Lors de la Journée internationale des travailleurs au Parque de las Luces à Medellín, M. Petro a détaillé cette initiative soutenue par les citoyens, en diffusant un code QR sur les réseaux sociaux pour recueillir les signatures. Il a mis en avant deux chapitres clés : des actes législatifs pour les réformes sociales et des réformes politiques visant à combattre la corruption, dans un contexte d'obstruction parlementaire face aux changements en matière de santé, de retraites et de droit du travail.

M. Petro a souligné des accomplissements tels que le taux de chômage le plus bas du siècle et a exhorté les travailleurs à rejoindre Colpensiones pour prévenir les « vols » des fonds privés.
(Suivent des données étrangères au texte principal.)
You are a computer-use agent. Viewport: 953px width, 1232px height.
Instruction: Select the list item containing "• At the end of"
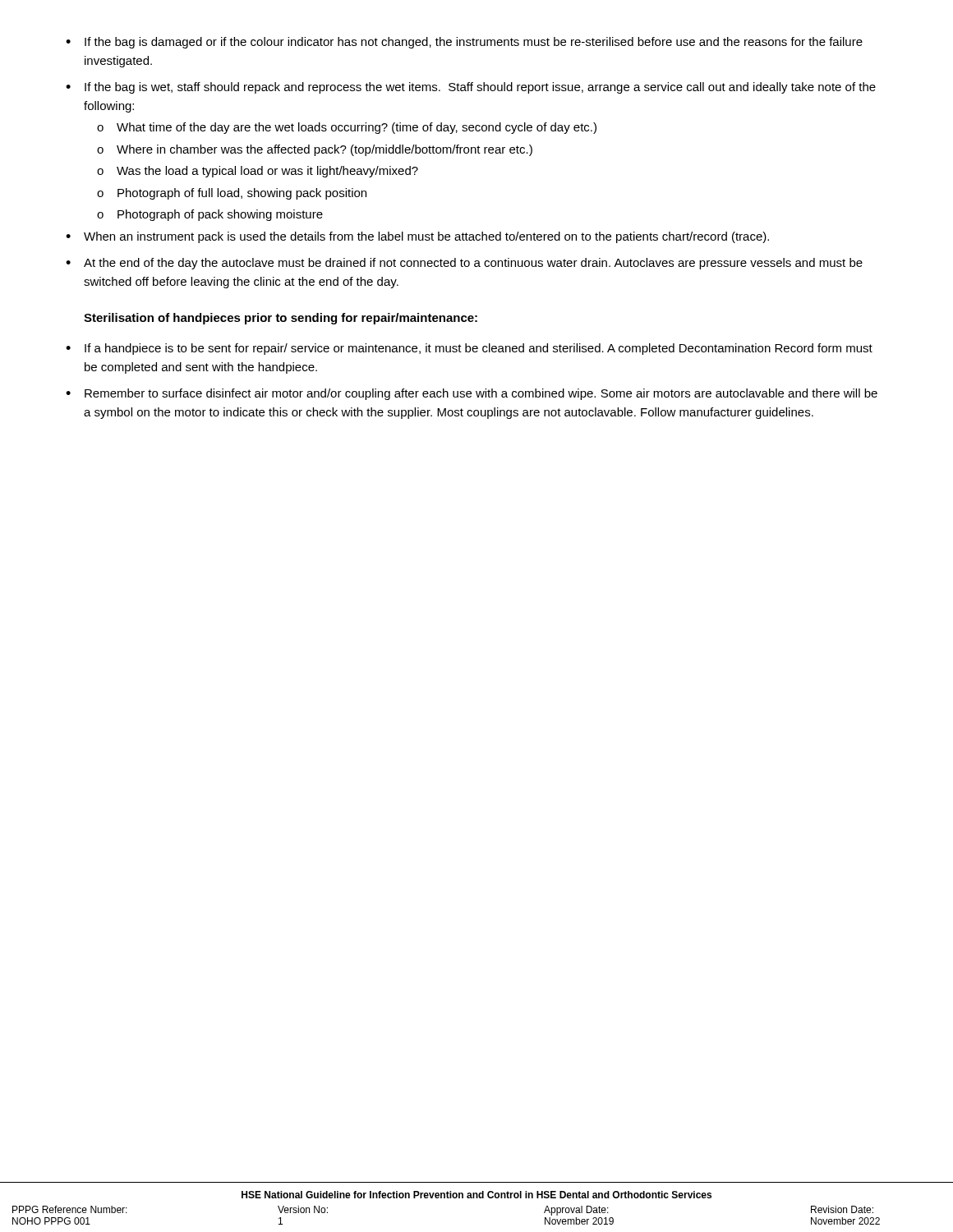pos(476,272)

Cette mesure vise à lever les blocages institutionnels perçus sans altérer le cœur de la Constitution de 1991.

Les critiques ont réagi rapidement : la sénatrice María Fernanda Cabal a qualifié cette démarche d'« abus de pouvoir », tandis que la députée Angélica Lozano a mis en garde contre des tentatives de réélection de type caudillo.

Ce que les gens disent

Les utilisateurs de X réagissent de manière contrastée à l'annonce du président Petro depuis Medellín concernant le début de la collecte de 5 millions de signatures nécessaires pour une Assemblée nationale constituante visant à ajouter des chapitres sur les réformes sociales et la lutte contre la corruption à la Constitution de 1991. Les partisans saluent une initiative qui donne le pouvoir au peuple pour des changements essentiels. Les critiques la dénoncent comme une manœuvre électorale et une ingérence présidentielle indue. Les médias rendent compte de manière neutre du plan de présentation prévu pour le 20 juillet.